Elite firms pass over good candidates whose accents are not “smart” enough, says study


East End of London: cockneys not welcome at some big law firms

Some elite London law firms are passing over well-qualified, white working-class job applicants in favour of middle-class graduates from elite universities who they think they are better for their image, new research says.

The firms studied had successfully recruited ethnic minority candidates as part of diversity programmes, but rejected able working-class students because their appearance or accent was not thought “smart” enough.

Dr Louise Ashley of the Centre for Professional Service Firms at Cass Business School, which is part of City University London, interviewed 130 staff at five prominent London law firms, many of them in senior roles. 

She said that though the firms were publicly committed to diversity in the workplace, almost all of their lawyers came from more privileged backgrounds. More than 90% of lawyers who took part in the research had fathers who had been managers or senior officials, and at two of the firms more than 70% of lawyers were privately educated.

She reported that the elite firms said they did not recruit students from less prestigious universities because they believed they were less academically gifted. However, she said the firms turned down candidates who looked or sounded working-class in order to preserve the upmarket brand, even when they were well qualified.

Dr Ashley said firms had focused on ethnicity rather than social inclusion in their recruitment and have made some progress in this respect. “However, focusing on ethnicity enables law firms to boast excellent or at the very least improved diversity outcomes despite the fact that they have continued to recruit using precisely the same types of class privilege that have always been in operation.
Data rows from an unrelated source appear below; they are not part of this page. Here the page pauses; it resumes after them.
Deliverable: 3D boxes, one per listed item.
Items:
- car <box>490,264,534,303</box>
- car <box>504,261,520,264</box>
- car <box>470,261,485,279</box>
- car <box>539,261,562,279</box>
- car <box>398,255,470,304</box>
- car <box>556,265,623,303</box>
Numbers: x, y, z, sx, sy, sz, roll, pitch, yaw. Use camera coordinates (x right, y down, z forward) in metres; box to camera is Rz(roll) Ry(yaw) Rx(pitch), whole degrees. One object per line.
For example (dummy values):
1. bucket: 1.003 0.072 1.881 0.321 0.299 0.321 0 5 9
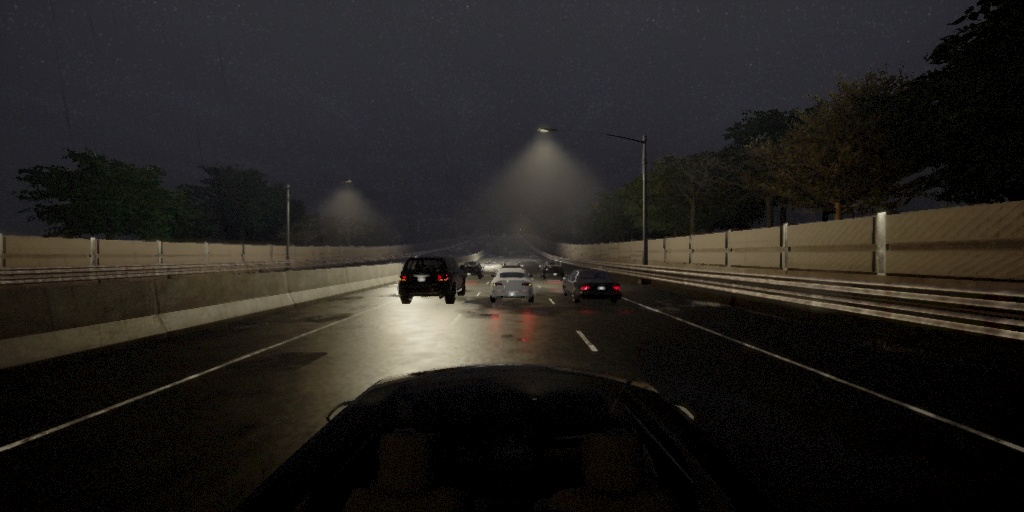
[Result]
1. car: 0.000 1.276 16.518 1.812 1.442 4.674 0 0 0
2. car: 0.001 1.193 31.528 2.128 1.511 4.902 0 0 0
3. car: -3.499 1.213 31.529 1.837 1.490 4.892 0 0 0
4. car: 3.501 1.214 31.529 1.837 1.490 4.892 0 0 0
5. car: -3.500 1.000 16.544 2.150 2.045 5.566 0 0 0
6. car: 3.500 1.306 16.518 2.033 1.411 5.357 0 0 0

“As it is, on either a personal or collective basis, individuals within the profession have little incentive to introduce a more progressive approach which would genuinely recognise and reward difference on the basis of social class, since the inclusion of lawyers who are visibly working-class, or have regional accents, is perceived to threaten both their brand and their bottom-line.”
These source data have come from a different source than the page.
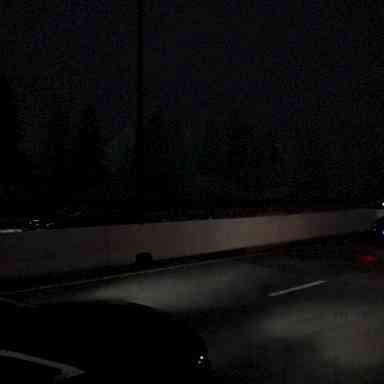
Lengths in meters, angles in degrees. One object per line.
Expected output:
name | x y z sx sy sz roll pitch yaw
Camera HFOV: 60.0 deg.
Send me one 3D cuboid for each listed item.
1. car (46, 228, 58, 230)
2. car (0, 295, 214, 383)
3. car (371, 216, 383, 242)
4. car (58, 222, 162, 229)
car | -5.457 1.527 17.292 4.674 1.442 1.812 0 0 -35
car | -2.032 1.491 2.299 4.902 1.511 2.128 0 0 -35
car | 9.954 1.527 15.149 4.674 1.442 1.812 0 0 -36
car | -3.307 1.565 14.527 4.181 1.385 1.994 0 0 -35
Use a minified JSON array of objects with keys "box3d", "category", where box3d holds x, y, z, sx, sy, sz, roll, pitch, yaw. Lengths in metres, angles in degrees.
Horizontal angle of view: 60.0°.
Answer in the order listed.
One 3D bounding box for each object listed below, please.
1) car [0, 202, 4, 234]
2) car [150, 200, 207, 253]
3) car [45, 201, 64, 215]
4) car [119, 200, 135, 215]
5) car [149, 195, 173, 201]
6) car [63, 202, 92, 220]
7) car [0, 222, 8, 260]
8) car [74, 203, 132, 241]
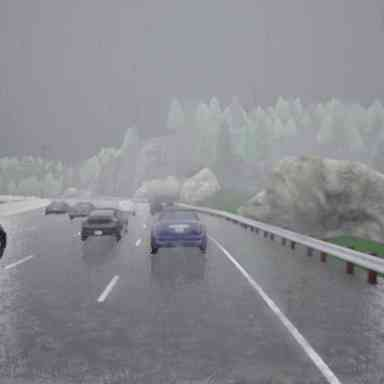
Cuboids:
[{"box3d":[-11.310,1.411,16.115,2.097,1.767,4.553,0,0,-5],"category":"car"},{"box3d":[-0.606,1.386,14.030,2.097,1.767,4.553,0,0,-4],"category":"car"},{"box3d":[-14.155,1.674,35.390,1.994,1.385,4.181,0,0,-11],"category":"car"},{"box3d":[-6.971,1.621,35.126,1.812,1.442,4.674,0,0,-11],"category":"car"},{"box3d":[-3.019,1.305,33.134,2.150,2.045,5.566,0,0,-10],"category":"car"},{"box3d":[-9.406,1.634,29.073,2.033,1.411,5.357,0,0,-9],"category":"car"},{"box3d":[-7.244,1.256,8.951,2.150,2.045,5.566,0,0,-3],"category":"car"},{"box3d":[-4.379,1.554,17.154,1.837,1.490,4.892,0,0,-5],"category":"car"}]

She argued that firms are contributing to the situation outlined in the Milburn report on access to the professions, which said the professions have exemplified the old notion that a limited pool of talent was enough to get by on. “A genuine commitment to diversity and inclusion as both a commercial and ethical imperative would mean that many more law firms go much further in opening their doors to a wider pool of talent.”

A partner at one of the five case study firms told Dr Ashley: “There was one guy who came to interviews who was a real Essex barrow boy, and he had a very good CV. He was a clever chap, but we just felt that there’s no way we could employ him. I just thought, putting him in front of a client – you just couldn’t do it.
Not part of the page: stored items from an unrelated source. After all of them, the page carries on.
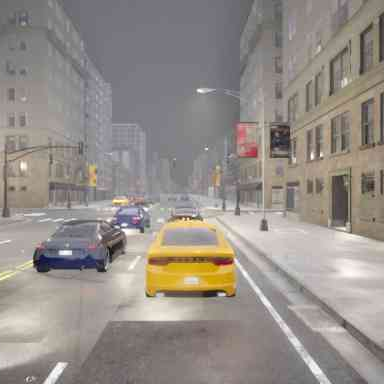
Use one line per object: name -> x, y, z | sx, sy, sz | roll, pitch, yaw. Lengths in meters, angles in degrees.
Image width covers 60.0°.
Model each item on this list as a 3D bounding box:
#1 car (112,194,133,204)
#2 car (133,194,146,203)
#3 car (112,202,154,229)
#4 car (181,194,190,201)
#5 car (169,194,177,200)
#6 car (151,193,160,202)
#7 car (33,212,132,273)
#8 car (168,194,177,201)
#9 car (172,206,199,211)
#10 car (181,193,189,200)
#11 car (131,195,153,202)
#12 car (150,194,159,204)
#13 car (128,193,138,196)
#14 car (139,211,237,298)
car -> -10.899, 1.491, 51.128 | 1.882, 1.535, 5.008 | 0, 0, -1
car -> -11.227, 1.371, 71.052 | 2.097, 1.767, 4.553 | 0, 0, -1
car -> -3.535, 1.528, 19.464 | 1.812, 1.442, 4.674 | 0, 0, -1
car -> -1.677, 1.367, 80.625 | 2.097, 1.767, 4.553 | 0, 0, -1
car -> -5.164, 1.369, 91.804 | 2.097, 1.767, 4.553 | 0, 0, -1
car -> -7.980, 1.241, 71.208 | 2.150, 2.045, 5.566 | 0, 0, -1
car -> -3.356, 1.564, 10.722 | 1.994, 1.385, 4.181 | 0, 0, -1
car -> -4.962, 1.567, 82.205 | 1.994, 1.385, 4.181 | 0, 0, -1
car -> -0.354, 1.507, 18.065 | 1.837, 1.490, 4.892 | 0, 0, -1
car -> -1.889, 1.237, 90.626 | 2.097, 1.767, 4.553 | 0, 0, -1
car -> -7.646, 1.614, 51.090 | 1.895, 1.301, 4.718 | 0, 0, -1
car -> -7.816, 1.563, 60.733 | 2.033, 1.411, 5.357 | 0, 0, -1
car -> -11.075, 1.237, 61.063 | 2.150, 2.045, 5.566 | 0, 0, -1
car -> -0.054, 1.478, 8.584 | 1.882, 1.535, 5.008 | 0, 0, -1
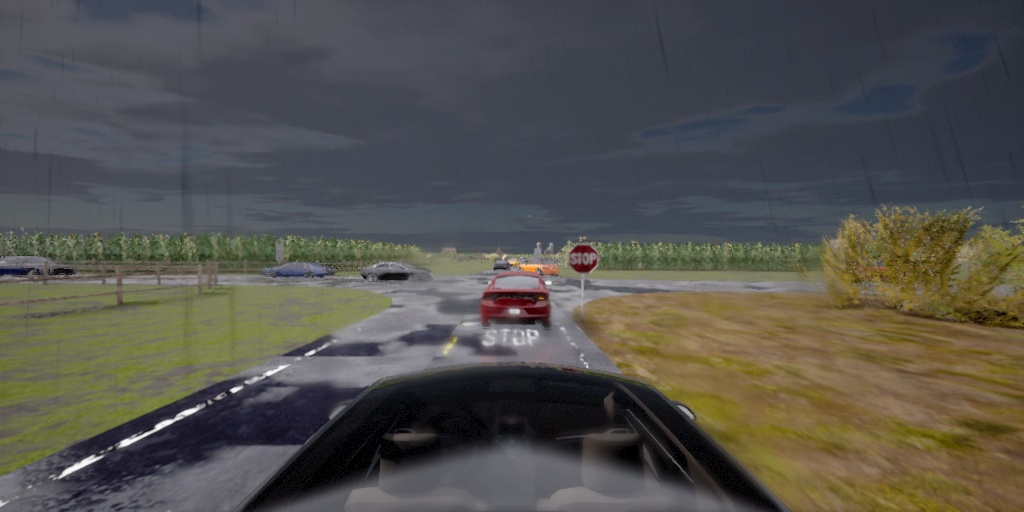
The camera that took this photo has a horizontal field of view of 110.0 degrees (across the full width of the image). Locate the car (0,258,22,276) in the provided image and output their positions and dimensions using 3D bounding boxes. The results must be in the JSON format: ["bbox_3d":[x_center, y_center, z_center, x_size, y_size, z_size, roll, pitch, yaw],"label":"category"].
[{"bbox_3d":[-45.258,0.921,30.570,4.674,1.442,1.812,0,0,3],"label":"car"}]

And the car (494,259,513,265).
[{"bbox_3d":[-1.290,1.243,48.053,2.033,1.411,5.357,0,0,6],"label":"car"}]

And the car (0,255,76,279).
[{"bbox_3d":[-35.130,0.820,26.372,4.553,1.767,2.097,0,0,3],"label":"car"}]

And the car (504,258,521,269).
[{"bbox_3d":[0.136,1.167,58.027,1.882,1.535,5.008,0,0,10],"label":"car"}]

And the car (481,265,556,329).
[{"bbox_3d":[0.235,1.213,11.278,1.882,1.535,5.008,0,0,4],"label":"car"}]

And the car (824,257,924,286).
[{"bbox_3d":[26.223,1.111,26.035,5.566,2.045,2.150,0,0,6],"label":"car"}]

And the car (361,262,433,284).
[{"bbox_3d":[-8.002,1.156,25.067,4.902,1.511,2.128,0,0,3],"label":"car"}]

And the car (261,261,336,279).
[{"bbox_3d":[-17.352,1.150,29.291,5.357,1.411,2.033,0,0,3],"label":"car"}]

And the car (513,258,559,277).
[{"bbox_3d":[2.416,1.065,34.329,2.097,1.767,4.553,1,0,-33],"label":"car"}]

“I do know though that if you’re really pursuing a diversity policy, you shouldn’t see him as rough round the edges. You should just see him as different.”

Another firm had changed its strategy from recruiting among a range of universities to hiring almost exclusively from Oxbridge. A partner in the firm told Dr Ashley: “We did suffer in terms of recruitment – we were losing out to rival firms. We changed our strategy and that’s helped with quality. We’re just a much smarter firm now.”

Dr Ashley discussed a third firm which had put into place a programme of helping students at comprehensive schools in order to prepare them for working at leading law firms as part of its diversity programme.

One of the firm’s senior associates told her: “There’s no point promoting diversity to the extent that it encourages people to become lawyers who are not lawyers. Image is everything in the law – it’s all we’ve got, our product.  What’s the point of bringing these people along who are not lawyers to bring your diversity figures up? You’re only going to end up firing them.”